“I want to see through your eyes and find new images”, says Karel
Doing in his film A journey to Tarakan (2002),
in which he follows the footsteps of his Uncle Ed, who worked as a soldier
in Indonesia (and was executed). Doing does not find these new images in exotic
locations, but near at hand. He wants to make the invisible visible, and prefers
to incorporate everyday images. The motto of Images of a moving city is:‘There’s
something special about the ordinary’. The film consists of a rhythmic
succession of images of a car, a subway train, a market and a bicycle going
through a puddle. Doing even manages to make you see the Zuidplein shopping
mall in a different light. Everything is always moving, like the sped-up streaks
of light in Whirlwind and the turning and spinning in Energy. Doing discovers
calm amidst the chaos by imposing order on the shapes, as in Maas Observation.
Or take, for instance, the garden chairs, flowers and the hand-rolled cigarette
in Happy End: Rotterdam's port neighbourhood Heijplaat could not look more
normal, but Doing makes you see it as if you have just found a new country.
There is something miraculous about all the locations in Doing's films. Viewing
his work, you often feel rootlessly adrift in space and time. This is probably
because empty places are the focus of attention. Their modesty makes them
emphatic. The Super8 material is also important as it is so suited to allowing
time to flow in grains. The quotidian images give you the feeling that the
world is enormous and unpredictable. Doing's careful structuring highlights
the chaotic world around us. The cohesion of the images is a personal excerpt
from a reality that is merely temporary and only exists for as long as the
film lasts. Afterwards, the outside world – which can be disappointing
- envelops us again; as Doing noticed during his journey to Tarakan. Jakarta
proved to be a polluted metropolis full of homeless children and clearly was
not a place suitable for contemplation.
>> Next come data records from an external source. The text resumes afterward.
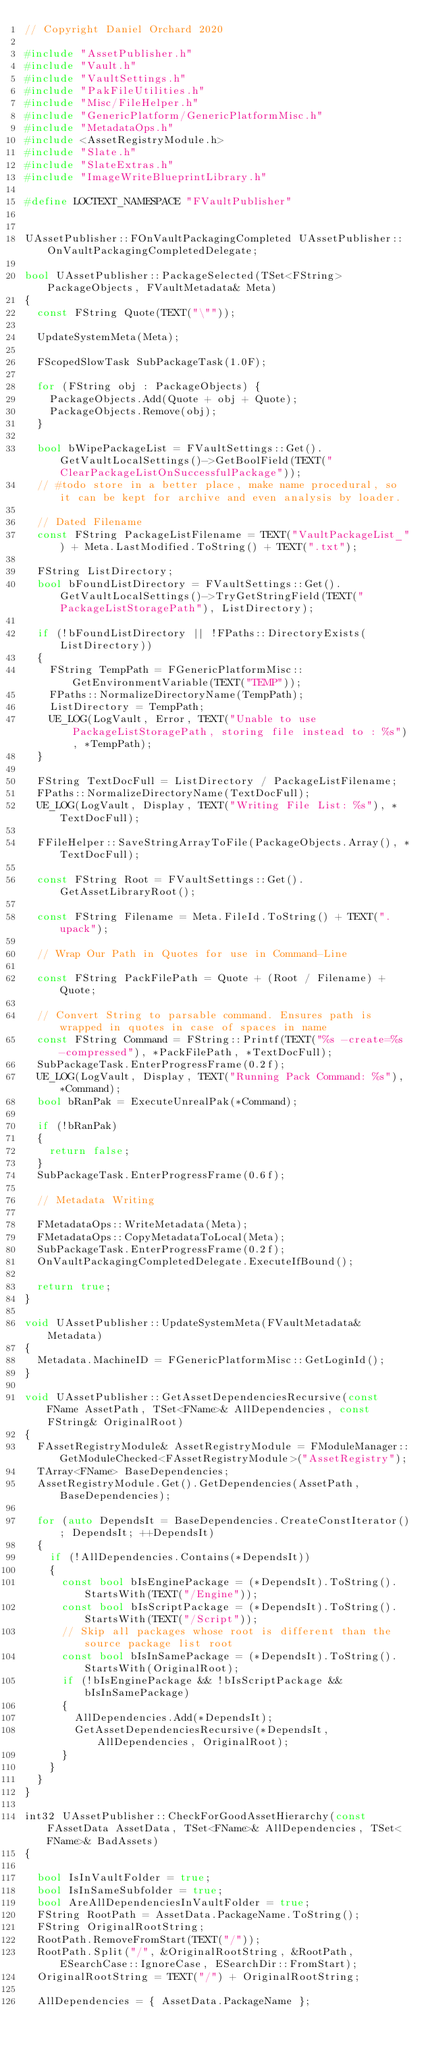<code> <loc_0><loc_0><loc_500><loc_500><_C++_>// Copyright Daniel Orchard 2020

#include "AssetPublisher.h"
#include "Vault.h"
#include "VaultSettings.h"
#include "PakFileUtilities.h"
#include "Misc/FileHelper.h"
#include "GenericPlatform/GenericPlatformMisc.h"
#include "MetadataOps.h"
#include <AssetRegistryModule.h>
#include "Slate.h"
#include "SlateExtras.h"
#include "ImageWriteBlueprintLibrary.h"

#define LOCTEXT_NAMESPACE "FVaultPublisher"


UAssetPublisher::FOnVaultPackagingCompleted UAssetPublisher::OnVaultPackagingCompletedDelegate;

bool UAssetPublisher::PackageSelected(TSet<FString> PackageObjects, FVaultMetadata& Meta)
{
	const FString Quote(TEXT("\""));

	UpdateSystemMeta(Meta);

	FScopedSlowTask SubPackageTask(1.0F);

	for (FString obj : PackageObjects) {
		PackageObjects.Add(Quote + obj + Quote);
		PackageObjects.Remove(obj);
	}

	bool bWipePackageList = FVaultSettings::Get().GetVaultLocalSettings()->GetBoolField(TEXT("ClearPackageListOnSuccessfulPackage"));
	// #todo store in a better place, make name procedural, so it can be kept for archive and even analysis by loader.

	// Dated Filename
	const FString PackageListFilename = TEXT("VaultPackageList_") + Meta.LastModified.ToString() + TEXT(".txt");

	FString ListDirectory;
	bool bFoundListDirectory = FVaultSettings::Get().GetVaultLocalSettings()->TryGetStringField(TEXT("PackageListStoragePath"), ListDirectory);

	if (!bFoundListDirectory || !FPaths::DirectoryExists(ListDirectory))
	{
		FString TempPath = FGenericPlatformMisc::GetEnvironmentVariable(TEXT("TEMP"));
		FPaths::NormalizeDirectoryName(TempPath);
		ListDirectory = TempPath;
		UE_LOG(LogVault, Error, TEXT("Unable to use PackageListStoragePath, storing file instead to : %s"), *TempPath);
	}

	FString TextDocFull = ListDirectory / PackageListFilename;
	FPaths::NormalizeDirectoryName(TextDocFull);
	UE_LOG(LogVault, Display, TEXT("Writing File List: %s"), *TextDocFull);
	
	FFileHelper::SaveStringArrayToFile(PackageObjects.Array(), *TextDocFull);
	
	const FString Root = FVaultSettings::Get().GetAssetLibraryRoot();
	
	const FString Filename = Meta.FileId.ToString() + TEXT(".upack");

	// Wrap Our Path in Quotes for use in Command-Line
	
	const FString PackFilePath = Quote + (Root / Filename) + Quote;
	
	// Convert String to parsable command. Ensures path is wrapped in quotes in case of spaces in name
	const FString Command = FString::Printf(TEXT("%s -create=%s -compressed"), *PackFilePath, *TextDocFull);
	SubPackageTask.EnterProgressFrame(0.2f);
	UE_LOG(LogVault, Display, TEXT("Running Pack Command: %s"), *Command);
	bool bRanPak = ExecuteUnrealPak(*Command);

	if (!bRanPak)
	{
		return false;
	}
	SubPackageTask.EnterProgressFrame(0.6f);

	// Metadata Writing

	FMetadataOps::WriteMetadata(Meta);
	FMetadataOps::CopyMetadataToLocal(Meta);
	SubPackageTask.EnterProgressFrame(0.2f);
	OnVaultPackagingCompletedDelegate.ExecuteIfBound();

	return true;
}

void UAssetPublisher::UpdateSystemMeta(FVaultMetadata& Metadata)
{
	Metadata.MachineID = FGenericPlatformMisc::GetLoginId();
}

void UAssetPublisher::GetAssetDependenciesRecursive(const FName AssetPath, TSet<FName>& AllDependencies, const FString& OriginalRoot)
{
	FAssetRegistryModule& AssetRegistryModule = FModuleManager::GetModuleChecked<FAssetRegistryModule>("AssetRegistry");
	TArray<FName> BaseDependencies;
	AssetRegistryModule.Get().GetDependencies(AssetPath, BaseDependencies);

	for (auto DependsIt = BaseDependencies.CreateConstIterator(); DependsIt; ++DependsIt)
	{
		if (!AllDependencies.Contains(*DependsIt))
		{
			const bool bIsEnginePackage = (*DependsIt).ToString().StartsWith(TEXT("/Engine"));
			const bool bIsScriptPackage = (*DependsIt).ToString().StartsWith(TEXT("/Script"));
			// Skip all packages whose root is different than the source package list root
			const bool bIsInSamePackage = (*DependsIt).ToString().StartsWith(OriginalRoot);
			if (!bIsEnginePackage && !bIsScriptPackage && bIsInSamePackage)
			{
				AllDependencies.Add(*DependsIt);
				GetAssetDependenciesRecursive(*DependsIt, AllDependencies, OriginalRoot);
			}
		}
	}
}

int32 UAssetPublisher::CheckForGoodAssetHierarchy(const FAssetData AssetData, TSet<FName>& AllDependencies, TSet<FName>& BadAssets)
{
	
	bool IsInVaultFolder = true;
	bool IsInSameSubfolder = true;
	bool AreAllDependenciesInVaultFolder = true;
	FString RootPath = AssetData.PackageName.ToString();
	FString OriginalRootString;
	RootPath.RemoveFromStart(TEXT("/"));
	RootPath.Split("/", &OriginalRootString, &RootPath, ESearchCase::IgnoreCase, ESearchDir::FromStart);
	OriginalRootString = TEXT("/") + OriginalRootString;

	AllDependencies = { AssetData.PackageName };</code>

He ends up on a malodorous, full ship
that serves disgusting breakfasts, and Tarakan proves to predominantly reek
of oil: it even scares the mosquitoes away. Tarakan feels like a prison.
Time is arrested in Doing's latest installation Servants. The 2 screen loop
shows longshoremen on one screen and trauma team staff on the other. Both
groups pause for two minutes and then resume their work. Doing's most recent
film Getijden (Tides) includes timeless shots of nature, such as bobbing water
lilies, swaying reeds, bare tracks in snow and sand that comes to life. Doing
locates and catalogues the hidden energy flows, thereby observing the world
like a film making cartographer compiling his personal atlas. Now all the
continents have been discovered, it is time to scout them again as if seeing
the world for the very first time.
Mariska Graveland
De Filmkrant, nrc.next.
Mariska Graveland
De Filmkrant, nrc.next.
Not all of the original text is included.